Importantly, the interactions between the two factors were also highly significant, F(26, 520) = 2.91, p < .001, n² = .13, for accuracy, and F(26, 520) = 3.49, p < .001, n² = .15, for RTs. We performed planned comparisons for the two closest inferior conditions (n - 3, n - 1) versus the two closest superior conditions (n + 1, n + 3) separately for SN, RN, and DN. No difference was observed for the SN condition between inferior and superior distances, Fs < 1, n.s. for accuracy and RTs). In the RN condition, although accuracy was statistically similar for inferior (n - 3 and n - 1) and superior (n + 3 and n + 1) distances (Fs < 1), a significant effect was observed on RTs, F(1, 20) = 4.20, MSE = 47,238, p = .05. Responses were faster for inferior than for superior distances. In contrast, for the DN condition, accuracy was greater for superior distances than for inferior ones, F(1, 20) = 8.05, MSE = .05, p = .01, whereas there was no significant difference in RTs, F(1, 20) = 1.11, MSE = 49,146, p = .30, n.s.
Although these results suggest a RN underestimation and a DN overestimation, we further analyzed the data by computing the point of subjective equality (PSEFootnote 4) for every type of comparative stimulus. We then conducted a repeated measures ANOVA with the factor type (SN, RN, DN). A main effect of type was found, F(2, 40) = 6.79, p = .003, n² = .25 (see Fig. 3). Planned comparisons showed that the PSE of DN additions was statistically different from that of RN additions, F(1, 20) = 15.59, MSE = 3.76, p < .001, confirming that DN stimuli were overestimated as compared with RN stimuli. Single mean t tests indicated that the PSE in the SN condition was not different from 0, t(20) = −0.97, p = .35, indicating that SN stimuli were well estimated. However, the PSE of DN additions (−1.30) tended to be inferior to 0, revealing an overestimation, t(20) = −1.96, p = .06), whereas the PSE of RN additions (+1.06) was superior to 0, suggesting an underestimation, t(20) = 2.11, p = .05.
General discussion
Nowadays, converging evidence has led us to think that humans might have a general system to represent and compare magnitudes approximately regardless of the dimension (for a review, see Cantlon et al., 2009). In everyday life, we constantly have to estimate distance, time, and numerosity to make decisions according to approximate magnitude representations—for example.–“Which is the shortest way to get to my office?” “Do I have time to buy the newspaper before my train leaves?” It has been argued that the comparison process of any continuous variables shows common signatures, such as the distance and size effects (for a review, see Bueti & Walsh, 2009; Cantlon et al., 2009; Cohen Kadosh et al., 2008; Hubbard et al., 2005; Walsh, 2003).

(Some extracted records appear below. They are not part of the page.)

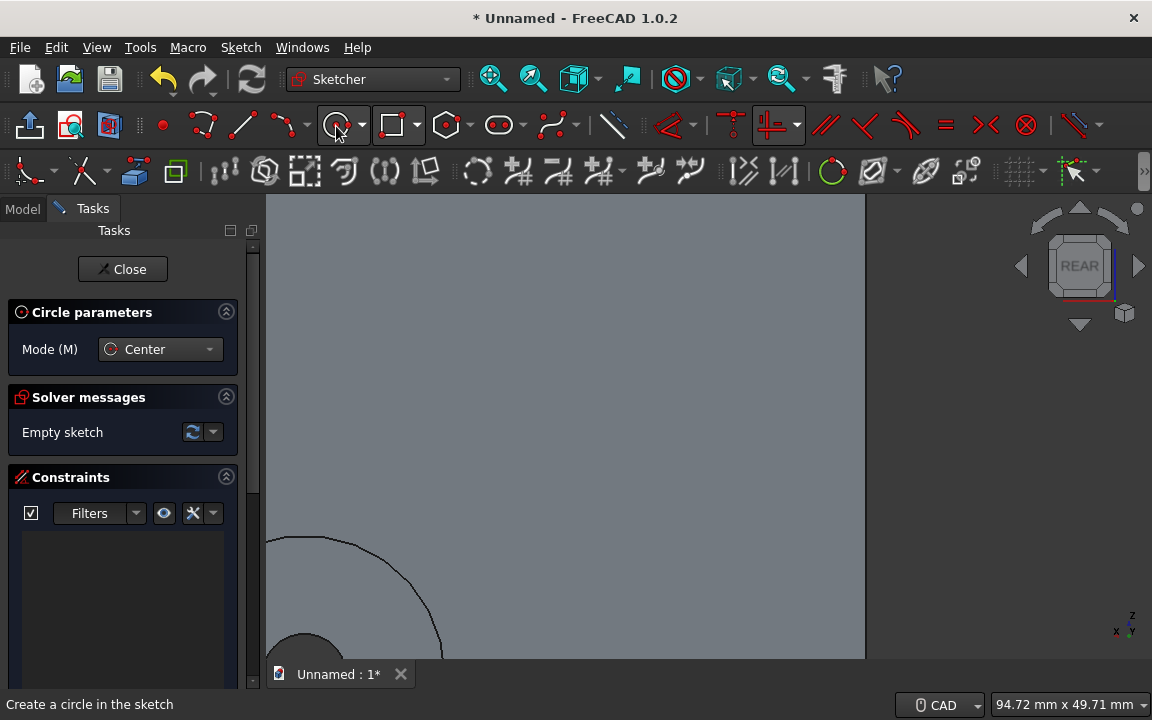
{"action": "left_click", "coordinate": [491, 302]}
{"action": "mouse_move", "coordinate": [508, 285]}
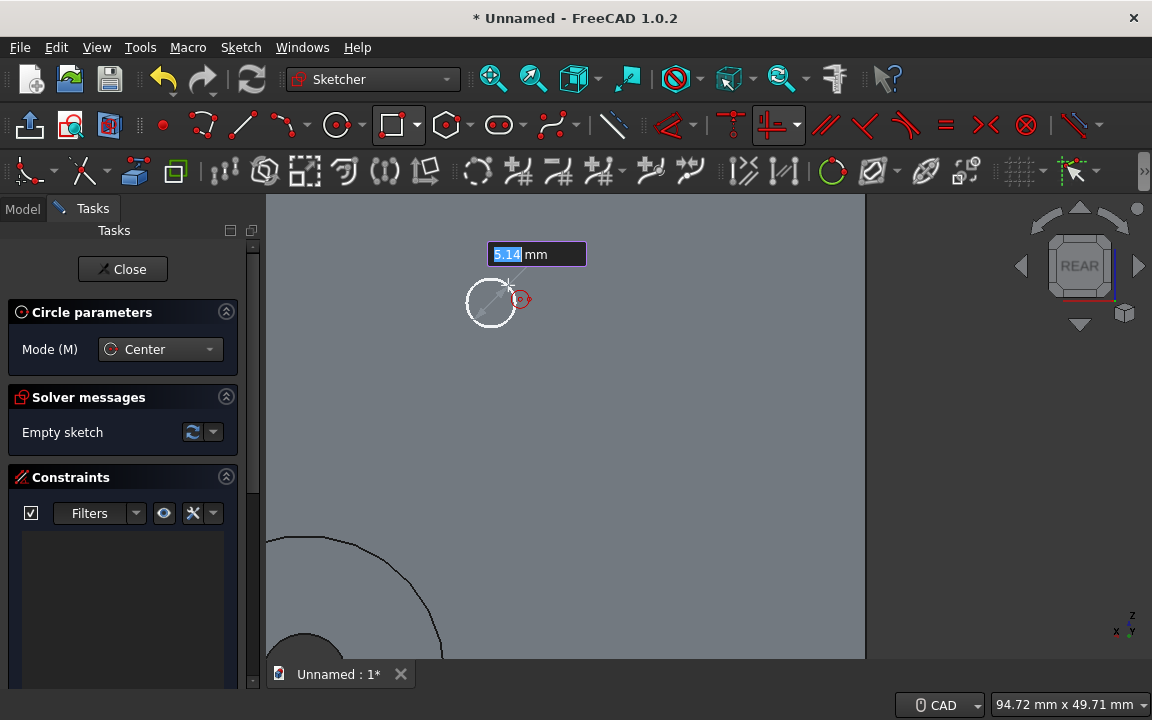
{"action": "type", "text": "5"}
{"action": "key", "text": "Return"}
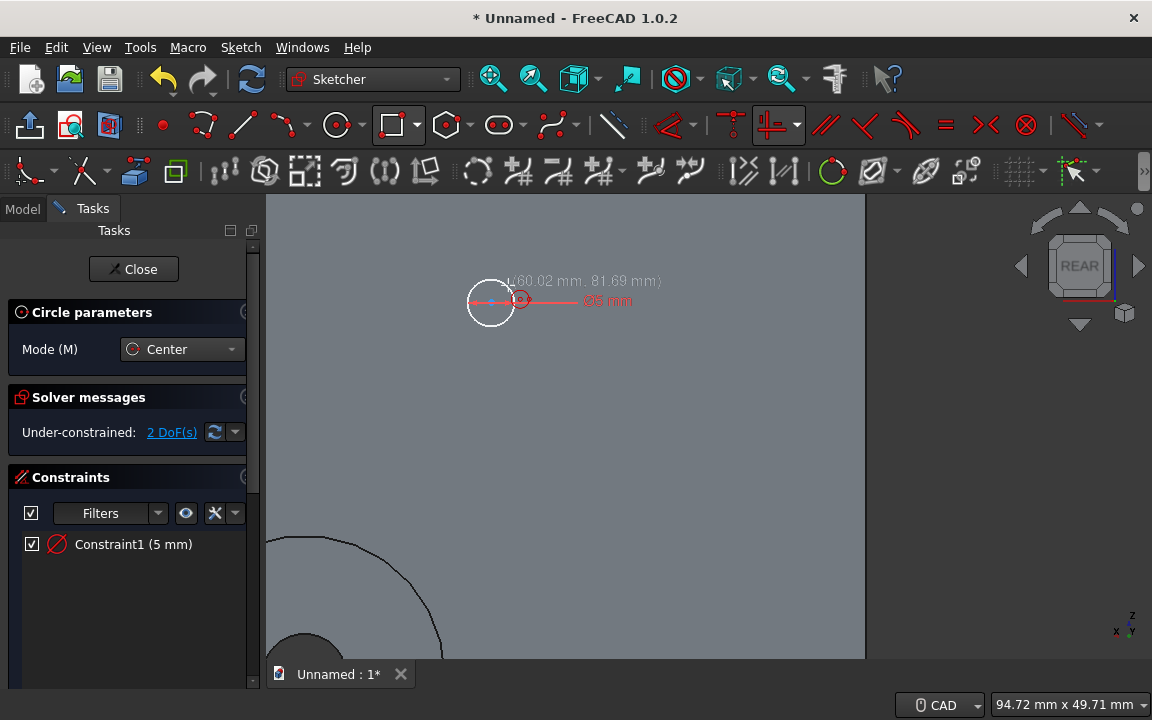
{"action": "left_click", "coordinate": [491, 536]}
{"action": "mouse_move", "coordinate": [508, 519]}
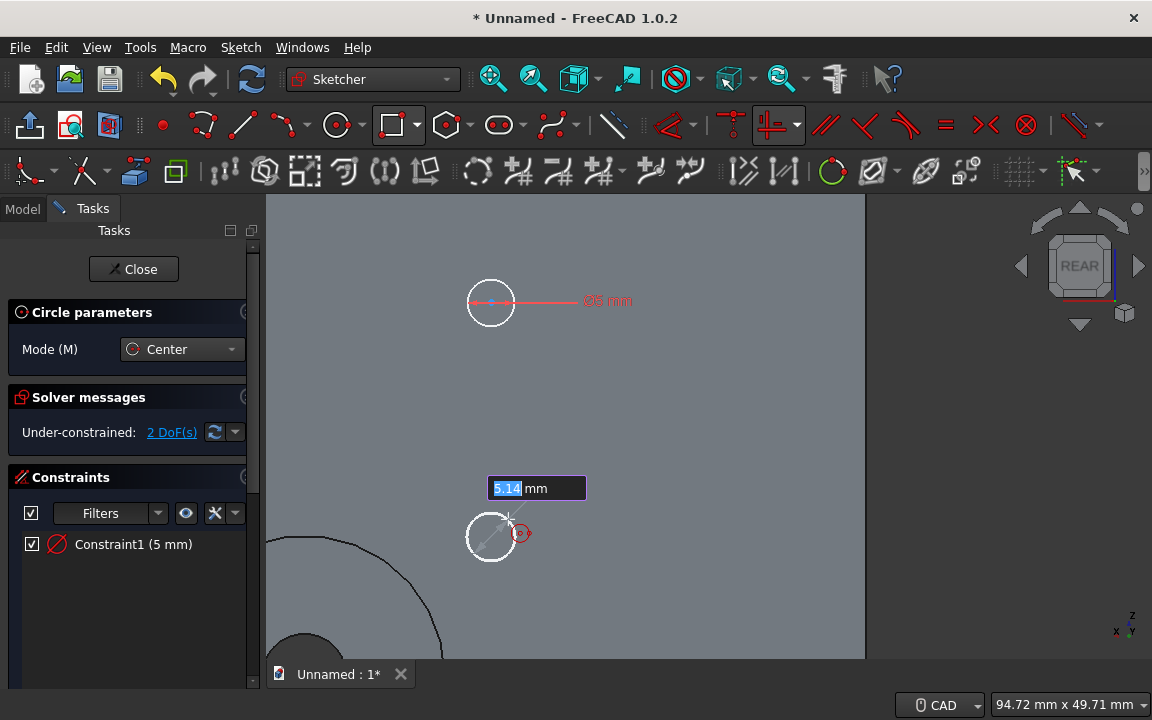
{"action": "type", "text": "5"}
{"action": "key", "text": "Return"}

In the present investigation, we wanted to explore how summation biases magnitude estimation as indexed by the distribution of the distance effect. Recent studies have reported that line length comparisons are biased toward an underestimation when summing two identical-sized parts and toward an overestimation when the two parts are different in size (Charras & Lupiáñez, 2009, 2010). In the present study, we further explored whether summation also affects the representation of approximate magnitude when information is conveyed by symbolic and discrete information—that is, digit numbers. Instead of using a continuous and nonsymbolic dimension, a number comparison task was used in which participants had to rapidly judge whether the sum of two large numbers under Arabic digit notation was inferior or superior to a standard stimulus. Large numbers were used in order to avoid retrieving the sum from memory and hence encouraging the representation of approximate magnitude.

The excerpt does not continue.